У Рида не проносится вся жизнь перед глазами, как он думал. В голове лишь одни сожаления. Вот теперь его точно убьют, навсегда. Не будет больше ничего, он никогда не сможет сказать брату все то, что думал, о чем мечтал, о чем так больно говорить, никогда не помирится с родителями, никогда не встретит снова…
— Такое милое лицо у тебя сейчас. Слабый, слабый Гэвин, на фото с полицейской академии ты совсем маленький и милый.
Гэвин слышит белый шум в ушах, а потом чувствует, как что-то тёплое стекает по его лицу, затекает в рот, глаза, уши. Ему совсем не больно, ему не страшно, ему кажется, будто его гладят по голове, а потом слизывают пот с влажной шеи шершавым языком и раздевают. Ему кажется, будто мягкие пальцы Элайджи сжимают его запястье, и сердце скачет как сумасшедшее. В глаза бьет серый свет, и он так напоминает Риду серость давно забытых глаз, что он щурится в попытках отогнать от себя этот призрачный образ.
— Спи крепко.
В голове мягкий бриз, Рид проваливается в сновидение, будто падает на пуховые перины.
Где-то слышится знакомый крик Андерсона. Он падает в долгожданную серебряную темноту.
***
Открывать глаза по-настоящему сложно. Гэвину в нос бьет резкий аромат медикаментов и какой-то противной мази.
А ещё крови.
Ее запах он знает точно, ни с чем не спутает. На лице будто подушка. Рид поднимает руку, чтобы убрать ее, кое-как открывает глаза и смотрит прямо в испуганное лицо девушки.
— Доброе утро, — улыбается она и что-то делает с его левой рукой. — Вам нужно отдыхать. Сейчас я позову врача, он вам все расскажет, — и, предугадывая желание Гэвина, аккуратно убирает его поднятую ладонь от лица.
В палату влетает Фаулер с врачом и все смешивается в сумбурный коктейль.

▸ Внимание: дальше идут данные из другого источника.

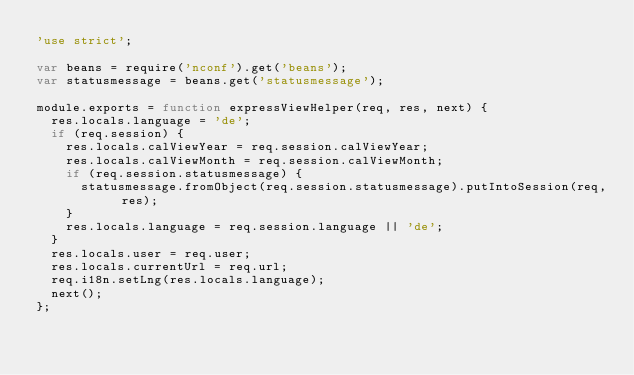Convert code to text. <code><loc_0><loc_0><loc_500><loc_500><_JavaScript_>'use strict';

var beans = require('nconf').get('beans');
var statusmessage = beans.get('statusmessage');

module.exports = function expressViewHelper(req, res, next) {
  res.locals.language = 'de';
  if (req.session) {
    res.locals.calViewYear = req.session.calViewYear;
    res.locals.calViewMonth = req.session.calViewMonth;
    if (req.session.statusmessage) {
      statusmessage.fromObject(req.session.statusmessage).putIntoSession(req, res);
    }
    res.locals.language = req.session.language || 'de';
  }
  res.locals.user = req.user;
  res.locals.currentUrl = req.url;
  req.i18n.setLng(res.locals.language);
  next();
};
</code> 
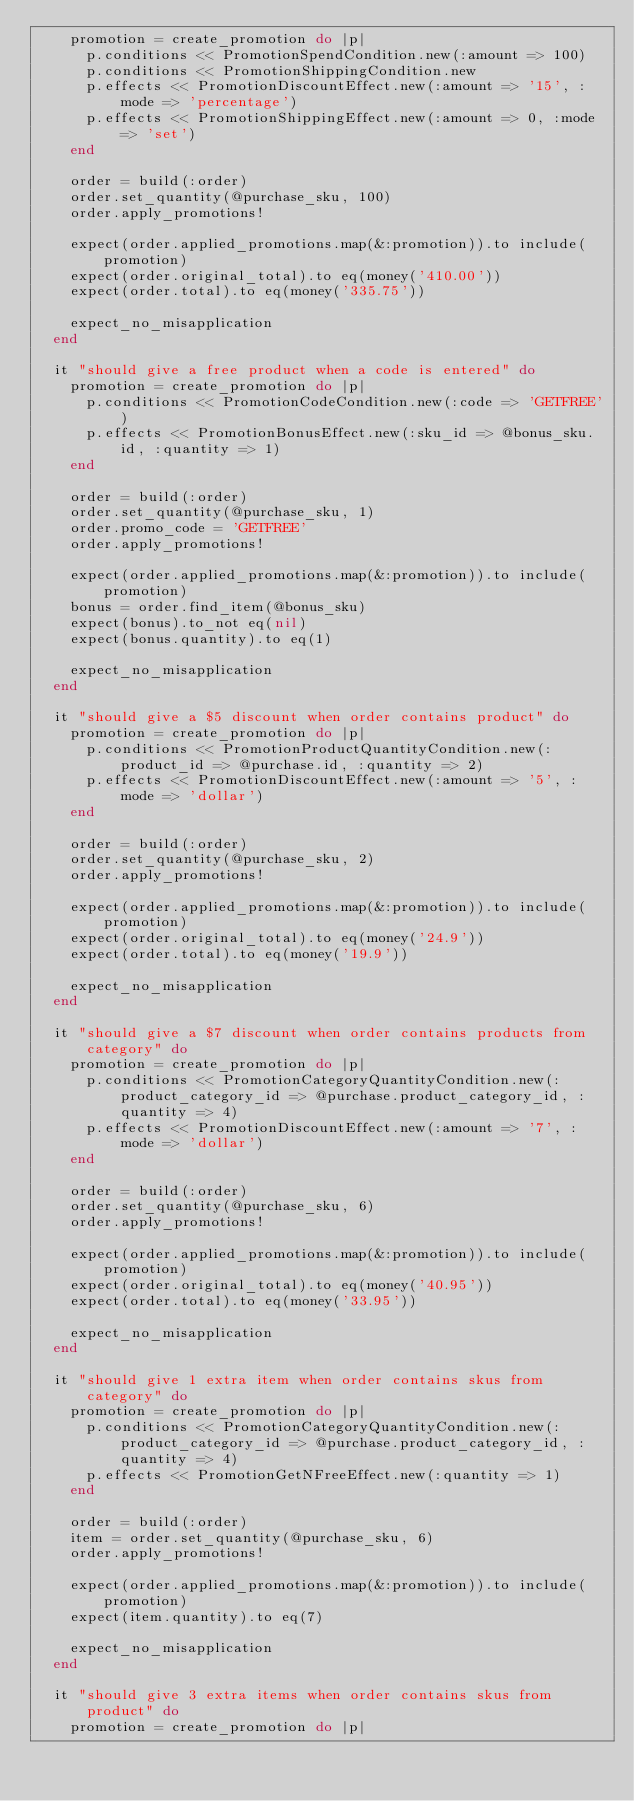<code> <loc_0><loc_0><loc_500><loc_500><_Ruby_>    promotion = create_promotion do |p|
      p.conditions << PromotionSpendCondition.new(:amount => 100)
      p.conditions << PromotionShippingCondition.new
      p.effects << PromotionDiscountEffect.new(:amount => '15', :mode => 'percentage')
      p.effects << PromotionShippingEffect.new(:amount => 0, :mode => 'set')
    end

    order = build(:order)
    order.set_quantity(@purchase_sku, 100)
    order.apply_promotions!

    expect(order.applied_promotions.map(&:promotion)).to include(promotion)
    expect(order.original_total).to eq(money('410.00'))
    expect(order.total).to eq(money('335.75'))

    expect_no_misapplication
  end

  it "should give a free product when a code is entered" do
    promotion = create_promotion do |p|
      p.conditions << PromotionCodeCondition.new(:code => 'GETFREE')
      p.effects << PromotionBonusEffect.new(:sku_id => @bonus_sku.id, :quantity => 1)
    end

    order = build(:order)
    order.set_quantity(@purchase_sku, 1)
    order.promo_code = 'GETFREE'
    order.apply_promotions!

    expect(order.applied_promotions.map(&:promotion)).to include(promotion)
    bonus = order.find_item(@bonus_sku)
    expect(bonus).to_not eq(nil)
    expect(bonus.quantity).to eq(1)

    expect_no_misapplication
  end

  it "should give a $5 discount when order contains product" do
    promotion = create_promotion do |p|
      p.conditions << PromotionProductQuantityCondition.new(:product_id => @purchase.id, :quantity => 2)
      p.effects << PromotionDiscountEffect.new(:amount => '5', :mode => 'dollar')
    end

    order = build(:order)
    order.set_quantity(@purchase_sku, 2)
    order.apply_promotions!

    expect(order.applied_promotions.map(&:promotion)).to include(promotion)
    expect(order.original_total).to eq(money('24.9'))
    expect(order.total).to eq(money('19.9'))

    expect_no_misapplication
  end

  it "should give a $7 discount when order contains products from category" do
    promotion = create_promotion do |p|
      p.conditions << PromotionCategoryQuantityCondition.new(:product_category_id => @purchase.product_category_id, :quantity => 4)
      p.effects << PromotionDiscountEffect.new(:amount => '7', :mode => 'dollar')
    end

    order = build(:order)
    order.set_quantity(@purchase_sku, 6)
    order.apply_promotions!

    expect(order.applied_promotions.map(&:promotion)).to include(promotion)
    expect(order.original_total).to eq(money('40.95'))
    expect(order.total).to eq(money('33.95'))

    expect_no_misapplication
  end

  it "should give 1 extra item when order contains skus from category" do
    promotion = create_promotion do |p|
      p.conditions << PromotionCategoryQuantityCondition.new(:product_category_id => @purchase.product_category_id, :quantity => 4)
      p.effects << PromotionGetNFreeEffect.new(:quantity => 1)
    end

    order = build(:order)
    item = order.set_quantity(@purchase_sku, 6)
    order.apply_promotions!

    expect(order.applied_promotions.map(&:promotion)).to include(promotion)
    expect(item.quantity).to eq(7)

    expect_no_misapplication
  end

  it "should give 3 extra items when order contains skus from product" do
    promotion = create_promotion do |p|</code>

То, что ему говорят, не укладывается в голове. Пересадка кожи, двухнедельная кома, месячное восстановление и полный покой на время лечения после снятия швов и удаления рубцов лазером. А ещё его чуть не изнасиловали. Его полумёртвое тело. Его, еле дышащего после нанесённых ран и наркотика, чуть не изнасиловали какие-то наркоманы, когда сбегали, и спас его гребаный Андерсон.